*** Opening of INPUT DATA ***

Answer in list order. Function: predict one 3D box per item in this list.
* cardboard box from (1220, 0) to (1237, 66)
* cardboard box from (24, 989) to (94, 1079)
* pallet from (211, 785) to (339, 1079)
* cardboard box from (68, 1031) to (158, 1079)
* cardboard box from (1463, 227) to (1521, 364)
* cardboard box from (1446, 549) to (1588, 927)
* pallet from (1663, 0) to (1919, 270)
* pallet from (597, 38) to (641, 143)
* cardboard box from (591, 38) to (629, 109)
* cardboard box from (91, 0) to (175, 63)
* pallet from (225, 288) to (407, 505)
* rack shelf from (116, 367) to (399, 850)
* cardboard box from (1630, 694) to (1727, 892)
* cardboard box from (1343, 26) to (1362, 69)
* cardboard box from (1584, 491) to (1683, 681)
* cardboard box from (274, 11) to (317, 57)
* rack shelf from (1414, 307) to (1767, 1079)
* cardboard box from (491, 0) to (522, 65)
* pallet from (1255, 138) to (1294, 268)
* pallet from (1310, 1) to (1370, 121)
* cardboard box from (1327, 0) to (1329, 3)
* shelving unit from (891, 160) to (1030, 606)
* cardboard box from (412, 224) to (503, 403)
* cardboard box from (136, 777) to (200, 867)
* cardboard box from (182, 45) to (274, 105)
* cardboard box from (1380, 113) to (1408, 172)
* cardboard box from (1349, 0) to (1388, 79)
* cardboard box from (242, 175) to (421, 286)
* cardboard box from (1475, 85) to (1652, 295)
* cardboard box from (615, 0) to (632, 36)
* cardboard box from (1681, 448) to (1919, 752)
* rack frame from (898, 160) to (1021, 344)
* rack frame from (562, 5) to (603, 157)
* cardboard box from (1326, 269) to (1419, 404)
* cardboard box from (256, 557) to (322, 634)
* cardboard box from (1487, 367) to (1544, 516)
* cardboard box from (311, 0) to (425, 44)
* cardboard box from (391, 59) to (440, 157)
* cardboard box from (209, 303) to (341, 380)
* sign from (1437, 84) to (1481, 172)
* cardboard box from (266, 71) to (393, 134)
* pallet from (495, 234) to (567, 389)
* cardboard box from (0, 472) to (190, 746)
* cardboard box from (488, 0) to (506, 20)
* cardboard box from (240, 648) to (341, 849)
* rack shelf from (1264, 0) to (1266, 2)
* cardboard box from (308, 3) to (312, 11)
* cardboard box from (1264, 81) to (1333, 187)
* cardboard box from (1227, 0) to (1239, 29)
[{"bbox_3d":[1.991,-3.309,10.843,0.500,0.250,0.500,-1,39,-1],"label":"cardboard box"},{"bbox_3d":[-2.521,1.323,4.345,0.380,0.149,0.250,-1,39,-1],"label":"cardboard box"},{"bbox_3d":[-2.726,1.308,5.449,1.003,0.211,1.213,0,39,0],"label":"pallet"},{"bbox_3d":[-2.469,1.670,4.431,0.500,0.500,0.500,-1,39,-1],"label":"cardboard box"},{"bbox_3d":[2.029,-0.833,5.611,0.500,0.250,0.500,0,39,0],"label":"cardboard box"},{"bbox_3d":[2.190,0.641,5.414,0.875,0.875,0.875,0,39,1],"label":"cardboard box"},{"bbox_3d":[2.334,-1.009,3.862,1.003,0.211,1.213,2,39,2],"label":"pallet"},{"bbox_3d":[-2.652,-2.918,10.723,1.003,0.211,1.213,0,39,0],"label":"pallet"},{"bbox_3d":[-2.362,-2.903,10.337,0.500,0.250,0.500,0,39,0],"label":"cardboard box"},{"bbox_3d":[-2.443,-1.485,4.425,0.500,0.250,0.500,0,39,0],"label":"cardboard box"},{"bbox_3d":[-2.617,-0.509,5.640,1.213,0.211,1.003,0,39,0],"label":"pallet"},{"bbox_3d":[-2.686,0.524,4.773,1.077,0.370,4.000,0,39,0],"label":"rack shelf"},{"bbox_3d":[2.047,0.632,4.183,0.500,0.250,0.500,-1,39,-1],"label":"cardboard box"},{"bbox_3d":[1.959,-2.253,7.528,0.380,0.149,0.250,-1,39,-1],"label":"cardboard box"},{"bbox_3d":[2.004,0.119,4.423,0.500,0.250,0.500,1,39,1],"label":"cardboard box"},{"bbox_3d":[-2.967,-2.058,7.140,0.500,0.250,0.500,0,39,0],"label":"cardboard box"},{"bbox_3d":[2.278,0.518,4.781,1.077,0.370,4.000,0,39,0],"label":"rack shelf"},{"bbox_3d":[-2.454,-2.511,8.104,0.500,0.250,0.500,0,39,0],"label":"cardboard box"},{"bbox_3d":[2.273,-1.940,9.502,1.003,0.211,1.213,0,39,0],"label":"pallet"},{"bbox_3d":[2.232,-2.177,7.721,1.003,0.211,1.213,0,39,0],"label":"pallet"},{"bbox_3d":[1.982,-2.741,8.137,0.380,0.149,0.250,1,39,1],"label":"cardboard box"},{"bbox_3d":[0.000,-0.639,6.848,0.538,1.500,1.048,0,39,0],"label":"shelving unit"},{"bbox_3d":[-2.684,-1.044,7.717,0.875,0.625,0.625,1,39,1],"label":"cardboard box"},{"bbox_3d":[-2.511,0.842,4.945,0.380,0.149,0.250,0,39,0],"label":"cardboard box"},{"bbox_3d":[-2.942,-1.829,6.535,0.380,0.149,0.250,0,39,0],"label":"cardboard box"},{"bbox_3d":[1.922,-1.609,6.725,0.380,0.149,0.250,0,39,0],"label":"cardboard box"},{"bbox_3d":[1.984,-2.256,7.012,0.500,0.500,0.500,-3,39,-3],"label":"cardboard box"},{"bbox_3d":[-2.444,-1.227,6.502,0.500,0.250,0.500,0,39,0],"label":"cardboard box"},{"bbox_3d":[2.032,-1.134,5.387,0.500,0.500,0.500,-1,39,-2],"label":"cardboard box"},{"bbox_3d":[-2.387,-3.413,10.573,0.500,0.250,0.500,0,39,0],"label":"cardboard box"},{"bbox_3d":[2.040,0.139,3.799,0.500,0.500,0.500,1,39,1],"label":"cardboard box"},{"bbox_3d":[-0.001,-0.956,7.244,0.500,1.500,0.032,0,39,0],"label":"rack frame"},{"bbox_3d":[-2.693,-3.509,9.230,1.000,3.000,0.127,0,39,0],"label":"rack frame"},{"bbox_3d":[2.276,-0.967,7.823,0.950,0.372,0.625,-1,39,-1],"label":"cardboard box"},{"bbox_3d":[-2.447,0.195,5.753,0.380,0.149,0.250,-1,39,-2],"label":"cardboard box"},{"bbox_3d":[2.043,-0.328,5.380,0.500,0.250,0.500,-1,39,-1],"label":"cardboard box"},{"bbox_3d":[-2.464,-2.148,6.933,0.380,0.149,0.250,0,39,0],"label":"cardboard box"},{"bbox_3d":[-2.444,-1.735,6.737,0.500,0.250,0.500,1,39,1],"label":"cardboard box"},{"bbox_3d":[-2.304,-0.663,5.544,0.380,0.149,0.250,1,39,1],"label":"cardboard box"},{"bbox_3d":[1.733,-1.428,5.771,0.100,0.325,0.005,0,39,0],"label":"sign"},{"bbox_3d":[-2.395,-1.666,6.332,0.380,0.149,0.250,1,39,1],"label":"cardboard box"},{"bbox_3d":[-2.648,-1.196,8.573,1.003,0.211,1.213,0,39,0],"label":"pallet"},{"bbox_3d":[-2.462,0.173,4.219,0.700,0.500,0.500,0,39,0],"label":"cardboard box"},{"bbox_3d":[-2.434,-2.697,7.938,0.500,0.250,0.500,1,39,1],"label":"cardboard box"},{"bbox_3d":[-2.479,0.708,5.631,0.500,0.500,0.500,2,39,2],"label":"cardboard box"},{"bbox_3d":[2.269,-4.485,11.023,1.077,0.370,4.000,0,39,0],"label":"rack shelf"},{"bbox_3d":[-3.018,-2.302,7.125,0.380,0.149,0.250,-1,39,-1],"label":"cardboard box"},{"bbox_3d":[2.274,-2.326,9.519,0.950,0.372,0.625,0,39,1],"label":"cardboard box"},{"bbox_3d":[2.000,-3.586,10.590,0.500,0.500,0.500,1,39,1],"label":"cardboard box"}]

*** Close of INPUT DATA ***

ABOUT THIS TASK:
Write out only the lines from the very start of the entries above to the line that includes "to (399, 850)", both ends included, each one unchanged.

RESPONSE TO THIS TASK:
Answer in list order. Function: predict one 3D box per item in this list.
* cardboard box from (1220, 0) to (1237, 66)
* cardboard box from (24, 989) to (94, 1079)
* pallet from (211, 785) to (339, 1079)
* cardboard box from (68, 1031) to (158, 1079)
* cardboard box from (1463, 227) to (1521, 364)
* cardboard box from (1446, 549) to (1588, 927)
* pallet from (1663, 0) to (1919, 270)
* pallet from (597, 38) to (641, 143)
* cardboard box from (591, 38) to (629, 109)
* cardboard box from (91, 0) to (175, 63)
* pallet from (225, 288) to (407, 505)
* rack shelf from (116, 367) to (399, 850)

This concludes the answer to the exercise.